Absolutely ridiculous request. If he needs absolute silence and 'full bandwidth' for his Very Important Job then he needs to go to the office. Completely selfish performance working. I think I'm more annoyed about it than you OP! Grin

BMIbum · 24/01/2022 13:54

Being restricted to certain parts of the house is unfair, it's a home first. Was slightly different balance during lockdown when travel to the office wasn't permitted. This is just a preference not to travel by DH.

My kids are young so we could easily survive without internet for a few hours but presumably teens homework is all online these days so it's totally unreasonable for the family to have to structure their entire weekend to avoid any internet use for 3 hours Sunday evenings.

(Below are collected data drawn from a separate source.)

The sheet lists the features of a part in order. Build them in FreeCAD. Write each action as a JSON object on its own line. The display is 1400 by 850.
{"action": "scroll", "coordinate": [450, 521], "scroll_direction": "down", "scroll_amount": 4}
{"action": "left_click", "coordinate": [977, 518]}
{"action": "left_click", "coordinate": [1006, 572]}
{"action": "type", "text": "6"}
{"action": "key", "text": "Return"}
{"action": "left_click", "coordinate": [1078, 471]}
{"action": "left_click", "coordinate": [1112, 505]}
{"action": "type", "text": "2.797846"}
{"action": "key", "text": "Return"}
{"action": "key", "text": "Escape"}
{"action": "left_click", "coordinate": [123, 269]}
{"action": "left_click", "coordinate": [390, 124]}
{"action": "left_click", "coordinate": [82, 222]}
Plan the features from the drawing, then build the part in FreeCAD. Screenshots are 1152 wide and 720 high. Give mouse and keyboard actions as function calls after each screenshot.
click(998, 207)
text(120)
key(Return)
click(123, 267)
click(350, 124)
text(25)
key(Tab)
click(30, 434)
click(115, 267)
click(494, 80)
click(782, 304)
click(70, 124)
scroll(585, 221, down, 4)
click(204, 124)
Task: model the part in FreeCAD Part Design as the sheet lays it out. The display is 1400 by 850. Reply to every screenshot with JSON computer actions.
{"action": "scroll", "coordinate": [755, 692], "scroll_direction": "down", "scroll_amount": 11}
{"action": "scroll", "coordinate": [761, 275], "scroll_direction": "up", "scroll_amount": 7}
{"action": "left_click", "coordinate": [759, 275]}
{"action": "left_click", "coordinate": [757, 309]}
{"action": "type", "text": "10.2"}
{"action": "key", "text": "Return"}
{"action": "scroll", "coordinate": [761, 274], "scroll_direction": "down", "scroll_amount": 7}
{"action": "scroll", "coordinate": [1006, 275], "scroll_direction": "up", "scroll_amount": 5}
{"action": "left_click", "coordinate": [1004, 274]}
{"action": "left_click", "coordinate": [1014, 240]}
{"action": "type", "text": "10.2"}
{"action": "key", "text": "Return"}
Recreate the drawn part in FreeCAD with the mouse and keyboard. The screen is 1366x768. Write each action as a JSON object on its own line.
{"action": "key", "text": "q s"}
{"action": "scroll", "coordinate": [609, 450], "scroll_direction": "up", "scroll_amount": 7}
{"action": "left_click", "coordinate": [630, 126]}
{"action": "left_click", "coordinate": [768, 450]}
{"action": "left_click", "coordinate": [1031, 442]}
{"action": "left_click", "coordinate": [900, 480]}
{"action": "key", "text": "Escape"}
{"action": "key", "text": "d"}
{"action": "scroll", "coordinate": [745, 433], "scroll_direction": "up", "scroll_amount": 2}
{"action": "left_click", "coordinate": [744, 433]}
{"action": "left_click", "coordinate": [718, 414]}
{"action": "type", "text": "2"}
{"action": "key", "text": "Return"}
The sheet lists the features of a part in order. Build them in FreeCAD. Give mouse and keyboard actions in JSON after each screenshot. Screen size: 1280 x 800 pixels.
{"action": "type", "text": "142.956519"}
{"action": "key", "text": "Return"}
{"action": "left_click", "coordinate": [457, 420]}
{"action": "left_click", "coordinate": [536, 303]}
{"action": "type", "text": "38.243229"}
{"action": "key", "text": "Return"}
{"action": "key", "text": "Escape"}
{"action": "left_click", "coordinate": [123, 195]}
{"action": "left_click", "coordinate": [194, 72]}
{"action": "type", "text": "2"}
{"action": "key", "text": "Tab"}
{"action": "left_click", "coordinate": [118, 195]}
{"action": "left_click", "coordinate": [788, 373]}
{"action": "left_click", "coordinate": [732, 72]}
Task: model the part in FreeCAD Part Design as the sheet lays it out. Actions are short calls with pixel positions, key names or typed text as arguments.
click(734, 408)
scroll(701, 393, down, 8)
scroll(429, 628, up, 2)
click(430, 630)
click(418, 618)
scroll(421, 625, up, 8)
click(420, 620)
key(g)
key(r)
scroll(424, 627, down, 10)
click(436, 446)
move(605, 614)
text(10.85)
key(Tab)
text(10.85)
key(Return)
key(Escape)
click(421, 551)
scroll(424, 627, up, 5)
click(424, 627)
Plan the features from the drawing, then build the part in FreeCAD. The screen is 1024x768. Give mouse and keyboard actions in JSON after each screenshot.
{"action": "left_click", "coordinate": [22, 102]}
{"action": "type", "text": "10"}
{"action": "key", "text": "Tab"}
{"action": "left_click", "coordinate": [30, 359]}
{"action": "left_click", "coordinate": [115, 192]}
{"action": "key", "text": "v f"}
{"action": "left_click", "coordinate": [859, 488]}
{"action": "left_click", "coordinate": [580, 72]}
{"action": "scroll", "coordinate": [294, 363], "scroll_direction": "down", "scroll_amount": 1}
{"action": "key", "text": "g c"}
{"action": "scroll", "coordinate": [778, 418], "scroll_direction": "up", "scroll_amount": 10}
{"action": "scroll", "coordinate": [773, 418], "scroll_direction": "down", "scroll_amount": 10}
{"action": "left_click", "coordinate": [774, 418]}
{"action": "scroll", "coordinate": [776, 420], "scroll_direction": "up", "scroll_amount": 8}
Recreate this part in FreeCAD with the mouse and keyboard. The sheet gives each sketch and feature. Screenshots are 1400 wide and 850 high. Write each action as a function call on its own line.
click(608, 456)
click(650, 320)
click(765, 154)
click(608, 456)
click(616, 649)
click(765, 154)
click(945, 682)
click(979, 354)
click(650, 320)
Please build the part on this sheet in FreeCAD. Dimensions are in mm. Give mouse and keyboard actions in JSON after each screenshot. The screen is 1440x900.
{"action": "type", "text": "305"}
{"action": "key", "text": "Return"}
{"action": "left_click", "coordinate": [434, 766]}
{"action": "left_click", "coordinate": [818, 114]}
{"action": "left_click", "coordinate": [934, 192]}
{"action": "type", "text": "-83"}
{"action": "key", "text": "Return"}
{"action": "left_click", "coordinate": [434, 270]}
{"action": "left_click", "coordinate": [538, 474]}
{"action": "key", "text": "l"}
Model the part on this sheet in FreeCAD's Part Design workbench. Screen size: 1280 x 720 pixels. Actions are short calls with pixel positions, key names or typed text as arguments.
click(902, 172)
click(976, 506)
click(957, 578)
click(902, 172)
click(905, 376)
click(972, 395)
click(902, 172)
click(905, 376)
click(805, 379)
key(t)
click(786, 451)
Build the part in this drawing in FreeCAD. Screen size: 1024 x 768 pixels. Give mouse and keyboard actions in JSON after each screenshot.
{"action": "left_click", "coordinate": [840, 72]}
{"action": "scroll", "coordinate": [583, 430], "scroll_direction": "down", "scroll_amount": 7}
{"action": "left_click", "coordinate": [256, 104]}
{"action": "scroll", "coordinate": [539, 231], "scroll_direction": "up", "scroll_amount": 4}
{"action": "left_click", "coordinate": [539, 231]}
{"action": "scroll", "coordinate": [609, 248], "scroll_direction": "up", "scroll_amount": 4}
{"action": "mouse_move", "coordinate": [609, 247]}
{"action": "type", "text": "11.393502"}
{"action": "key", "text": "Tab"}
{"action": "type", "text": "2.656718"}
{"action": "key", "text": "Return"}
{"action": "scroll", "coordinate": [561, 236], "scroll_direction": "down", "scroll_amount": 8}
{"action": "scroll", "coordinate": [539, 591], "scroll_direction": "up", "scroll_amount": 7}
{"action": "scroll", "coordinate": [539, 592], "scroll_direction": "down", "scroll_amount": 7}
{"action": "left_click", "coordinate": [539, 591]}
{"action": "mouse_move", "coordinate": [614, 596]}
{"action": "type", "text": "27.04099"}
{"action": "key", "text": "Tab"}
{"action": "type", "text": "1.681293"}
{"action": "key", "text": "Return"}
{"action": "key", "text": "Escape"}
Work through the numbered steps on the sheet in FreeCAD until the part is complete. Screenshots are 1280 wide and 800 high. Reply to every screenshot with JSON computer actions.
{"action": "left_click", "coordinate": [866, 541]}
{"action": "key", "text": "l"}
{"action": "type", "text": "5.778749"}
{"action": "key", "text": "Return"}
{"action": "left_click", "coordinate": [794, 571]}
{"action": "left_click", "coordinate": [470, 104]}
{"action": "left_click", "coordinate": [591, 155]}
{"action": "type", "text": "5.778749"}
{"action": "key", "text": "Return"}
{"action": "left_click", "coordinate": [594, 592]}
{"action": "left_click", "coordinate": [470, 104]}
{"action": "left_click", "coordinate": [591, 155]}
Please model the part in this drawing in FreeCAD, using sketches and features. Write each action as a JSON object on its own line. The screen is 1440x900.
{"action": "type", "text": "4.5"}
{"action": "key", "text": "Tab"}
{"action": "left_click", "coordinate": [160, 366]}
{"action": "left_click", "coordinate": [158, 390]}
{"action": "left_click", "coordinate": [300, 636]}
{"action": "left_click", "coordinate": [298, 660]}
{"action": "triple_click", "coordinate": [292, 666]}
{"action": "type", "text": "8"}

I would agree to 2 or 3 weekends but not all 8.

EmbarrassingHadrosaurus · 24/01/2022 13:54

My argument is that it's THREE HOURS ON A SUNDAY EVENING!! For 8 weeks in a row.

Seconding anyone who says maybe as a one-off but 8 weeks in a row?

No.

TheKeatingFive · 24/01/2022 13:54

Wtf is he actually doing btw?

SantaClawsServiette · 24/01/2022 13:54

If it was just the Wifi it would be fine, surely people can manage without internet access for a few hours once a week.

The having to stay upstairs is a little more of an issue, potentially. Depending on what your home is like.

You could maybe consider going out for a swim or skate that night?

Or agree to try it once and then see how it goes.

PoshPyjamas · 24/01/2022 13:55

He can't do it easily from home though can he? It takes extra effort from 3 other people - i.e. 12 hours extra effort from the rest of the family to save him the one hour travelling.

I'm guessing he must be much more important than the rest of you, for this to be a fair trade.

PoshPyjamas · 24/01/2022 13:56

Sorry - 9, not 12 - bad maths!!!

Ourlady · 24/01/2022 13:57

No way. The internet ban is bad enough but being confined to upstairs for 3 hours is ridiculous.
I would be telling him he either works around the whole family or he goes to the office. He's being a selfish arse!